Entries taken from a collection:
○ ○ ○

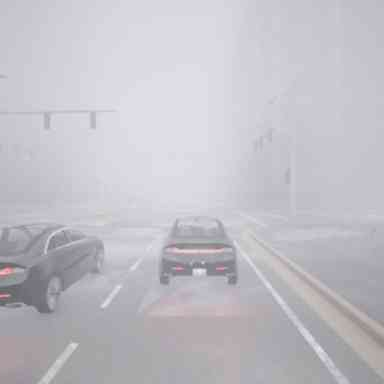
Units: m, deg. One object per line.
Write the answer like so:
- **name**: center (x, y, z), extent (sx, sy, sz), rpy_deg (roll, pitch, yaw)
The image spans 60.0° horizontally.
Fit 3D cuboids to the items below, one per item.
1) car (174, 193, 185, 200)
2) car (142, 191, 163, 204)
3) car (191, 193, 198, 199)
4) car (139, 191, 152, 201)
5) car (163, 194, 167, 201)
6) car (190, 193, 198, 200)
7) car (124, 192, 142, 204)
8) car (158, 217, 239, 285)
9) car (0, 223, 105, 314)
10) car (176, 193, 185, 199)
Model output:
- **car**: center (-2.965, 1.090, 76.604), extent (1.837, 1.490, 4.892), rpy_deg (0, 0, 0)
- **car**: center (-6.667, 1.053, 56.317), extent (2.097, 1.767, 4.553), rpy_deg (0, 0, 1)
- **car**: center (0.604, 1.002, 86.282), extent (1.882, 1.535, 5.008), rpy_deg (0, 0, 0)
- **car**: center (-9.997, 0.844, 71.960), extent (2.150, 2.045, 5.566), rpy_deg (0, 0, 0)
- **car**: center (-6.499, 1.119, 71.777), extent (1.837, 1.490, 4.892), rpy_deg (0, 0, 0)
- **car**: center (0.540, 1.182, 77.238), extent (1.895, 1.301, 4.718), rpy_deg (0, 0, 0)
- **car**: center (-10.166, 1.179, 56.360), extent (1.882, 1.535, 5.008), rpy_deg (0, 0, 1)
- **car**: center (0.141, 1.441, 9.331), extent (2.128, 1.511, 4.902), rpy_deg (0, 0, 0)
- **car**: center (-3.393, 1.451, 7.511), extent (2.128, 1.511, 4.902), rpy_deg (0, 0, 1)
- **car**: center (-2.896, 1.065, 86.307), extent (2.033, 1.411, 5.357), rpy_deg (0, 0, 0)
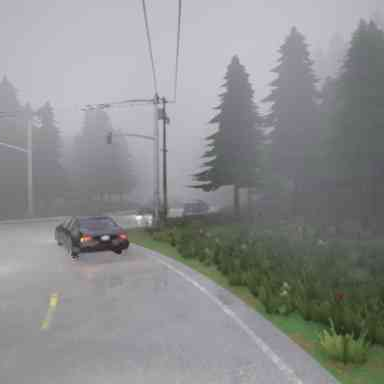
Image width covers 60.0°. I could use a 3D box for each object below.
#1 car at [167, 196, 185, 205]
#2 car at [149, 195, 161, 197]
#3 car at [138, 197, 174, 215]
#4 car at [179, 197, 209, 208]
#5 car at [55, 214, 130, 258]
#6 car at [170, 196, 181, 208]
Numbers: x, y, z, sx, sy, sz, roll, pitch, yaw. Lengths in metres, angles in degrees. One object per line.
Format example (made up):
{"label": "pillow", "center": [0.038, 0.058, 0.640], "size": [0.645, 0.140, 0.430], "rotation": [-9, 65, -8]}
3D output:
{"label": "car", "center": [-2.993, 1.457, 61.566], "size": [1.837, 1.490, 4.892], "rotation": [0, 1, -23]}
{"label": "car", "center": [-6.607, 1.254, 61.347], "size": [2.097, 1.767, 4.553], "rotation": [0, 0, -25]}
{"label": "car", "center": [-3.744, 1.542, 33.171], "size": [1.994, 1.385, 4.181], "rotation": [0, 0, 18]}
{"label": "car", "center": [0.457, 1.469, 34.273], "size": [1.812, 1.442, 4.674], "rotation": [0, 0, 16]}
{"label": "car", "center": [-4.098, 1.571, 13.122], "size": [2.033, 1.411, 5.357], "rotation": [0, 0, -30]}
{"label": "car", "center": [-2.293, 1.310, 45.116], "size": [2.097, 1.767, 4.553], "rotation": [-1, 0, -7]}
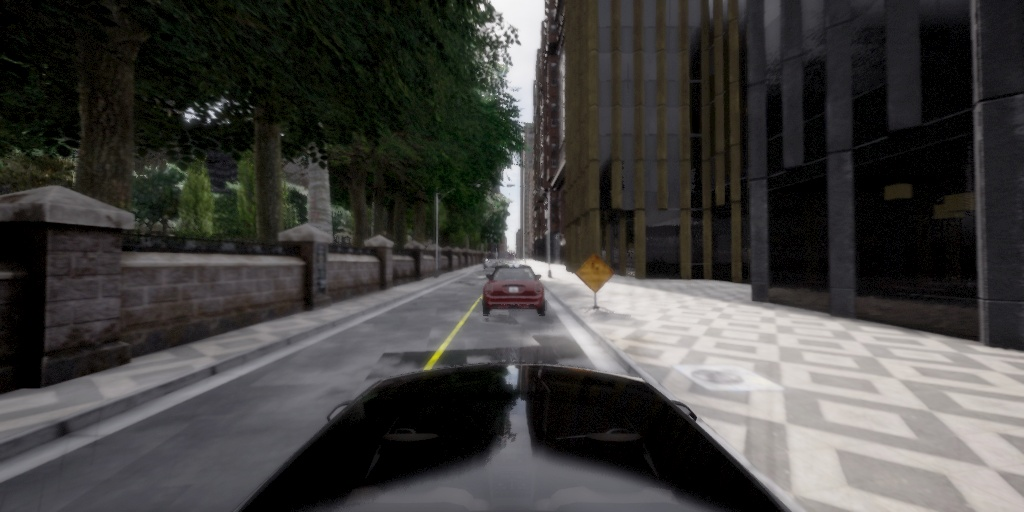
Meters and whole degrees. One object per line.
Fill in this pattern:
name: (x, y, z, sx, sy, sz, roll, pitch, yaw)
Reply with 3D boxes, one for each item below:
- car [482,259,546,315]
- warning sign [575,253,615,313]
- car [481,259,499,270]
car: (0.072, 1.080, 13.537, 2.097, 1.767, 4.553, 0, 0, 0)
warning sign: (2.720, 0.848, 11.650, 1.300, 1.860, 1.060, 0, 0, 0)
car: (-3.069, 1.141, 50.647, 2.128, 1.511, 4.902, 0, 0, 0)

○ ○ ○

* TASK OBJECTIVE
Lines holding the word "item" should be copied from the entries above.

* RESPONSE FOR THIS EXERCISE
Fit 3D cuboids to the items below, one per item.
Reply with 3D boxes, one for each item below:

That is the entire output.